Even more worrying is the Congress-style sycophancy that has overtaken the BJP. Cabinet ministers are often afraid to speak their minds to Modi. MPs are mute. Those who speak publicly often misspeak.

In a healthy democracy, dissent is a vital ingredient. Constructive ideas collide with one another. Only from this constant friction of views can innovation flourish.

The Modi cult is not a cult as yet, but sycophants among the BJP’s ranks, like Avadhut Wagh, could help it emerge. The Prime Minister must put a stop to it before it is too late.

The fact that he tolerates often venomous criticism from rebels within his own party — Yashwant Sinha and Shatrughan Sinha being two prominent examples — shows that Modi is open to harsh strictures against his policies.

The kind of attacks Yashwant Sinha and Shatrughan Sinha often launch at the BJP and the PM show Modi is open to criticism.
The kind of attacks Yashwant Sinha and Shatrughan Sinha often launch at the BJP and the PM show Modi is open to criticism. (Photo: PTI/file)

But the two Sinhas are exceptions that prove the rule. What the BJP needs are not fearful ministers and fawning party workers like Avadhut Wagh, but robust criticism of policy.
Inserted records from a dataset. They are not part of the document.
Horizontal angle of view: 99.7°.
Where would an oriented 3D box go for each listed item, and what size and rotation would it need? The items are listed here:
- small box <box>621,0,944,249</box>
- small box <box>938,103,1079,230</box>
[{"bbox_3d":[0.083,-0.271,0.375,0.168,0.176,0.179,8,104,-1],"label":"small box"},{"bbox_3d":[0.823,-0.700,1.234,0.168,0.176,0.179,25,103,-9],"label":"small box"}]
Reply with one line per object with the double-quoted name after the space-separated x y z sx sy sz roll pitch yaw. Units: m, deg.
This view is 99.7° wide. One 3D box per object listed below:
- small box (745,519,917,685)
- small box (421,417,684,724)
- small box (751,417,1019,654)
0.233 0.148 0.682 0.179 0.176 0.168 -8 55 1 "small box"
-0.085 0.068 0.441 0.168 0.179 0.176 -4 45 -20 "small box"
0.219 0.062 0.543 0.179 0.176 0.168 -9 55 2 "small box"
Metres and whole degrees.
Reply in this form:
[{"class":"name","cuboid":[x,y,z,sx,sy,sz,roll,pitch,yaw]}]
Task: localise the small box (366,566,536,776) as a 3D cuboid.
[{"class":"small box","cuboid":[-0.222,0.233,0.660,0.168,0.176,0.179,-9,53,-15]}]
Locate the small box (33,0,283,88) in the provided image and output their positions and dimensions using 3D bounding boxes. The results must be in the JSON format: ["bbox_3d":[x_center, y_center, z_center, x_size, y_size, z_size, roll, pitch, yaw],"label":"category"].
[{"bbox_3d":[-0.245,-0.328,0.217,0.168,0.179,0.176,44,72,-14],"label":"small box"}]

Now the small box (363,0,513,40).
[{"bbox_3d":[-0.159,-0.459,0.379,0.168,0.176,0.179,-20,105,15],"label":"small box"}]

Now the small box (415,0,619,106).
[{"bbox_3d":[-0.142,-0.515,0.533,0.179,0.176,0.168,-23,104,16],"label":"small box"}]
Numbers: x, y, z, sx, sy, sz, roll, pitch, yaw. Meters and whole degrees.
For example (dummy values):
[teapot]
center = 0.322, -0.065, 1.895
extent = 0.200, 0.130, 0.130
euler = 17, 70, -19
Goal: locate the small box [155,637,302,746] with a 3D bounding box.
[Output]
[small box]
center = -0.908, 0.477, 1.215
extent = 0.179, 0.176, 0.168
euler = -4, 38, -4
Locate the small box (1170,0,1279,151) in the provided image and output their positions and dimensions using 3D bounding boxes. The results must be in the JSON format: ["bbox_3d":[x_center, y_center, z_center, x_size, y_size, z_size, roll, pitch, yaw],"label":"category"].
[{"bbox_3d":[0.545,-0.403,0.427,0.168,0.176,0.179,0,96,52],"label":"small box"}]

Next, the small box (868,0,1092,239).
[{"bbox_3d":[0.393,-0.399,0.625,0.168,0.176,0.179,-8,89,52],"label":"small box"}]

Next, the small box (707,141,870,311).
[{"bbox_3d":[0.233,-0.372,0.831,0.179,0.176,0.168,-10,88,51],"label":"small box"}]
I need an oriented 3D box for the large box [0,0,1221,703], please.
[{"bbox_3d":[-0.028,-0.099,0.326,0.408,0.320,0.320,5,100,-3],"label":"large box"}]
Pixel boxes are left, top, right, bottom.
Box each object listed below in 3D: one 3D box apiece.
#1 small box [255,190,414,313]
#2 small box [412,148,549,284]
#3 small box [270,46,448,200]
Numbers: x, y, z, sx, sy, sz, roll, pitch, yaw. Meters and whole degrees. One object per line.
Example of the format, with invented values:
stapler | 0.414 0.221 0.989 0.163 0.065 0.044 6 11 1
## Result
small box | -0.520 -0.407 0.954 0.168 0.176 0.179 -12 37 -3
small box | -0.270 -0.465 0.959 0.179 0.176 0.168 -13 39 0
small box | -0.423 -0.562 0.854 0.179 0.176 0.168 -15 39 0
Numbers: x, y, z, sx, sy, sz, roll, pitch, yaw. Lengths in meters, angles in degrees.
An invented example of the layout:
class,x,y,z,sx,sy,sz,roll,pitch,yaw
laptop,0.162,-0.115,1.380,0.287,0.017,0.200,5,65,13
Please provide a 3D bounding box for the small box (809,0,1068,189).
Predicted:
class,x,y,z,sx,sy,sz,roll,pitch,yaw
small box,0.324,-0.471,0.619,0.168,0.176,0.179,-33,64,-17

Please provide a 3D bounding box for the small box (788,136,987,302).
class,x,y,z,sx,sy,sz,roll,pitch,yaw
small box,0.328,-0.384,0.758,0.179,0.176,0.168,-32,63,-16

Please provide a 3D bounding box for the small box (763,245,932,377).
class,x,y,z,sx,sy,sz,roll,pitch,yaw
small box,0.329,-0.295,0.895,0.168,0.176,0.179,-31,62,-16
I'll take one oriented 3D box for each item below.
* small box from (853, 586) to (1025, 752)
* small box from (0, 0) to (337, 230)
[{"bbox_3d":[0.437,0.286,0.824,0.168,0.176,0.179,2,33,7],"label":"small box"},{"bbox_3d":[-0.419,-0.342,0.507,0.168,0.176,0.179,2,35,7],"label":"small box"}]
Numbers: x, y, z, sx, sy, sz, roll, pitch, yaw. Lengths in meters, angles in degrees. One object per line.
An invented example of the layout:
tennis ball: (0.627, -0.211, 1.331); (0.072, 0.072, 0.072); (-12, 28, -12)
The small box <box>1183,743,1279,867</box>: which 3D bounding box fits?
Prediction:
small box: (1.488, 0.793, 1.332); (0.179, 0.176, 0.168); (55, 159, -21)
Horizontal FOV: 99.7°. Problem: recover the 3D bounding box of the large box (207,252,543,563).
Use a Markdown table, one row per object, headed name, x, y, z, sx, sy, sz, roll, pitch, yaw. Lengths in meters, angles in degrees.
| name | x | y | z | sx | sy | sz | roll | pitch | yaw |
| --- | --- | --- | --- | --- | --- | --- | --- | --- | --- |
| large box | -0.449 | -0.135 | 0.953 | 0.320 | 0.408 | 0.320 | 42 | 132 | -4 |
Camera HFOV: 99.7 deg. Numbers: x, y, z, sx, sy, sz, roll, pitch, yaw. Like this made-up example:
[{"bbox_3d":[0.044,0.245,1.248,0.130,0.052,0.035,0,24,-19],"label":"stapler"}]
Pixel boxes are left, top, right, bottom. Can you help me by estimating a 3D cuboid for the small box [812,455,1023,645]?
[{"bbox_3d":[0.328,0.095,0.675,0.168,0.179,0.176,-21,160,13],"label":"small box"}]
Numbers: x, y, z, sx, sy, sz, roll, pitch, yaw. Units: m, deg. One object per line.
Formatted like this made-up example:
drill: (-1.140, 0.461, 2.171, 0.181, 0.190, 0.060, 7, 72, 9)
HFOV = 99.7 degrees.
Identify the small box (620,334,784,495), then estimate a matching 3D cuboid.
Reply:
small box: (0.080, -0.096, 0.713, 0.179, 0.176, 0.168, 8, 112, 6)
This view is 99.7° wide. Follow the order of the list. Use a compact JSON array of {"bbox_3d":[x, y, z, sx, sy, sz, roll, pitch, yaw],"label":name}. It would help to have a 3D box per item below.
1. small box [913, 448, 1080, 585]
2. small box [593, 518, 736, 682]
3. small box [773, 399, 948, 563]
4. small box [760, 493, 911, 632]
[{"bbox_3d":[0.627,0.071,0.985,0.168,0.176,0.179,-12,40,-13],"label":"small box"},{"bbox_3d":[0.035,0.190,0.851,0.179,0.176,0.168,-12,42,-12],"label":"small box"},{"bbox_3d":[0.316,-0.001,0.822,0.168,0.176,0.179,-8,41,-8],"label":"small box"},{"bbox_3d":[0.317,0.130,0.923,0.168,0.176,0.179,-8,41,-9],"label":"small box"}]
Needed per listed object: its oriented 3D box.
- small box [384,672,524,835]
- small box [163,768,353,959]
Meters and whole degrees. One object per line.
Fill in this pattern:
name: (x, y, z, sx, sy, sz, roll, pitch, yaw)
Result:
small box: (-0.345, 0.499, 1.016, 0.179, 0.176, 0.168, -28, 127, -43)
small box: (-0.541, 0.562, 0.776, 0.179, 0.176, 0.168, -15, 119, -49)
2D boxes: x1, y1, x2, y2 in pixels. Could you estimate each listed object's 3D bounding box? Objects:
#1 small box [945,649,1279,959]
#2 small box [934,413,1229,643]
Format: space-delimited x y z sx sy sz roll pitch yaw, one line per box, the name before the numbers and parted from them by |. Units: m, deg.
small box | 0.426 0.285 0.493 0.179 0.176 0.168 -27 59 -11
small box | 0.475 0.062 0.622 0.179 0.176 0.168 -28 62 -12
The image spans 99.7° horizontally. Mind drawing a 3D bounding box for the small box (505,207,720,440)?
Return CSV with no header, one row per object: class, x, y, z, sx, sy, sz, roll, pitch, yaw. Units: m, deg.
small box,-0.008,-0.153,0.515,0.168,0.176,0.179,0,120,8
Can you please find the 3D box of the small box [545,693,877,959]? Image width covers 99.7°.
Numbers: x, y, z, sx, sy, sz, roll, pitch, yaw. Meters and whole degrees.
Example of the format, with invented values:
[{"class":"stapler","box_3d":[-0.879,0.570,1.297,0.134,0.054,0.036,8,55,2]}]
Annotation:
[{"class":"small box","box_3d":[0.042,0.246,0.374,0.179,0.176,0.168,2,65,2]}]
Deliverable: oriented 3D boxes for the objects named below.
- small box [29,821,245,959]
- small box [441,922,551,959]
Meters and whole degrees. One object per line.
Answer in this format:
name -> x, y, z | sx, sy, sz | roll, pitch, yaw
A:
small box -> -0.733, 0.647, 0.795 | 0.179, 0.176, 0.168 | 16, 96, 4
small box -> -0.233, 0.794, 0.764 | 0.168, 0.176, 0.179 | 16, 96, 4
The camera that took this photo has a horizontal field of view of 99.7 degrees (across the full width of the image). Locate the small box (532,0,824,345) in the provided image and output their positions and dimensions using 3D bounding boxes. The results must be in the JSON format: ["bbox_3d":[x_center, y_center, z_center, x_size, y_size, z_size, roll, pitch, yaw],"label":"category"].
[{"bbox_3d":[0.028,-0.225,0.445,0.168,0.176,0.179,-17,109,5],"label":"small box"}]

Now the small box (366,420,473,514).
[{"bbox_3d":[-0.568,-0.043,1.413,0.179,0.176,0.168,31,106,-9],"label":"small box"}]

Unfortunately, the gnarled old media, still under the UPA’s long-lasting spell, is so unhinged in its criticism of Modi that a civil engagement with it becomes impossible.

But a change is necessary.

Six months before the 2019 Lok Sabha election, Modi needs to start addressing regular press conferences, take uncomfortable questions head-on from his several media critics, and show that he is what he says he is: an honest kamdar, not an entitled namdar.